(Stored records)
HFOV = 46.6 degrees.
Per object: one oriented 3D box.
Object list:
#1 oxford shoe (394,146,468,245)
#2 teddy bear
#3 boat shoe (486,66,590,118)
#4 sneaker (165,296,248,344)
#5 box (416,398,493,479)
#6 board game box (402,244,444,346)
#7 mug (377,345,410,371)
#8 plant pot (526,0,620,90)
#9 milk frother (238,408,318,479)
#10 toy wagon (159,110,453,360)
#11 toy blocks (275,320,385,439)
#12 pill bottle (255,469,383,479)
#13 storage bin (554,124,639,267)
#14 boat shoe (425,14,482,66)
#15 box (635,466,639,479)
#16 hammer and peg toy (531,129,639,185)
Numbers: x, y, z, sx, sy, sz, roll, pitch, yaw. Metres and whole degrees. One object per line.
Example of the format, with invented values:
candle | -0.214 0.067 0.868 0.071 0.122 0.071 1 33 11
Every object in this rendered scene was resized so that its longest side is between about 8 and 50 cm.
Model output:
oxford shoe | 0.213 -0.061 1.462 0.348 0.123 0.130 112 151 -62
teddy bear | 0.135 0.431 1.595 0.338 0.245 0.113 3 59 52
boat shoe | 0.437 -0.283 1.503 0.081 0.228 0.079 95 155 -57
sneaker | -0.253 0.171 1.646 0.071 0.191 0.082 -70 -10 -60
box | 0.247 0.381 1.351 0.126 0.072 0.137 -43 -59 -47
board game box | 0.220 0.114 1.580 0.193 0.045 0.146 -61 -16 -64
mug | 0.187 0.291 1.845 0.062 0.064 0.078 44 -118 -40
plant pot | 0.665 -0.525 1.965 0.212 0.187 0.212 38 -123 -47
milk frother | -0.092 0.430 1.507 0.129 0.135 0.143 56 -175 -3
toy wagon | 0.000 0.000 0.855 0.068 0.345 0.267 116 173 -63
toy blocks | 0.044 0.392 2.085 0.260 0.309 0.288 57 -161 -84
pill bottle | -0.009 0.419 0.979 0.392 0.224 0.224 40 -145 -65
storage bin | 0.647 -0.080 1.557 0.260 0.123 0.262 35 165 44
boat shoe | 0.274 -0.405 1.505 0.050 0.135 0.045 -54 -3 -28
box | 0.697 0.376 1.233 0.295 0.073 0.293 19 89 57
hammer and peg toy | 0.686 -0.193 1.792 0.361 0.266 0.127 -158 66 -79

==

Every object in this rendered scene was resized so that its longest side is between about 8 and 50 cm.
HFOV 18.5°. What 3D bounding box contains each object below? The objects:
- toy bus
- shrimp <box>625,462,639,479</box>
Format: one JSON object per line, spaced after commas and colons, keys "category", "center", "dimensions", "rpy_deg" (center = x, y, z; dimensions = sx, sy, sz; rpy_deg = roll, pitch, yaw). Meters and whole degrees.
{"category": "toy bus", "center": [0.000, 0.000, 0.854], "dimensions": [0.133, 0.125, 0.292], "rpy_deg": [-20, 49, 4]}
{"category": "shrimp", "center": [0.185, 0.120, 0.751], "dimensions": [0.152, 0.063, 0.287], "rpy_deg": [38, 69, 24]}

--

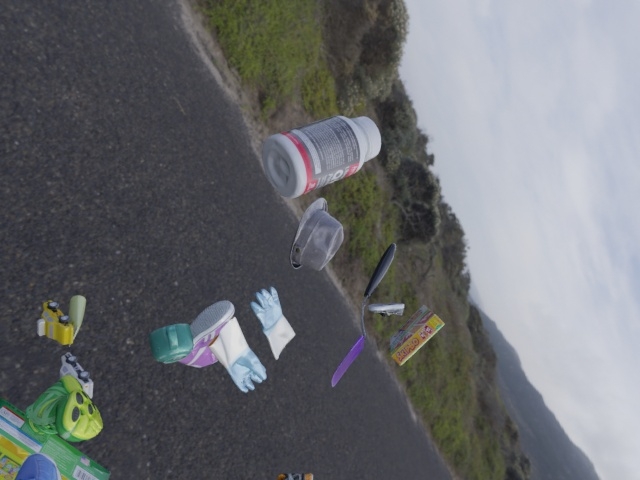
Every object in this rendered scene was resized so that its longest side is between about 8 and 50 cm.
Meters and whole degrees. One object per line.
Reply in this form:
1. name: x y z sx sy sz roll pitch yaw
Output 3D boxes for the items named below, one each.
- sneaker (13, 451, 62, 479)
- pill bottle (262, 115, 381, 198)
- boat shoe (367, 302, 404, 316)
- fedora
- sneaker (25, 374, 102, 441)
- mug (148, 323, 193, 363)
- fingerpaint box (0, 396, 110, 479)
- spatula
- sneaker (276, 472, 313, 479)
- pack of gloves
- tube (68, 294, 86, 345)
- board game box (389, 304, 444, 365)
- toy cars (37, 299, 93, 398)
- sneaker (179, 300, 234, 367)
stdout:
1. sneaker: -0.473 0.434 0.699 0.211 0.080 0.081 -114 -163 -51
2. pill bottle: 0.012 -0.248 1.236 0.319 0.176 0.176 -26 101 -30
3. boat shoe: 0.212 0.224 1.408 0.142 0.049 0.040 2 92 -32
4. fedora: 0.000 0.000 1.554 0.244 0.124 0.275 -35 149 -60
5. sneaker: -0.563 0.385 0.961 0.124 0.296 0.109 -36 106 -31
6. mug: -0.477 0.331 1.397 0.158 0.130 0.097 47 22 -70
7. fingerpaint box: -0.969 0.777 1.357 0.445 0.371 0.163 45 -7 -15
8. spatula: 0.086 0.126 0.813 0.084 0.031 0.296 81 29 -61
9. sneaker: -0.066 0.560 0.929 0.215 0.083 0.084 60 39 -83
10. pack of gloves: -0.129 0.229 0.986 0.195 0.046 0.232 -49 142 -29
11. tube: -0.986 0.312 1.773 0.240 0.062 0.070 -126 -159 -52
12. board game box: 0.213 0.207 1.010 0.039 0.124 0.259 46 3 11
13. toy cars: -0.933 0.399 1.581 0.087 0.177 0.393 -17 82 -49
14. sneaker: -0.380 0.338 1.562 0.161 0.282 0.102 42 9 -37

* **Work item**
From the records above, copy each line that contains the word "below".

* **Solution to the exercise**
HFOV 18.5°. What 3D bounding box contains each object below? The objects:
Output 3D boxes for the items named below, one each.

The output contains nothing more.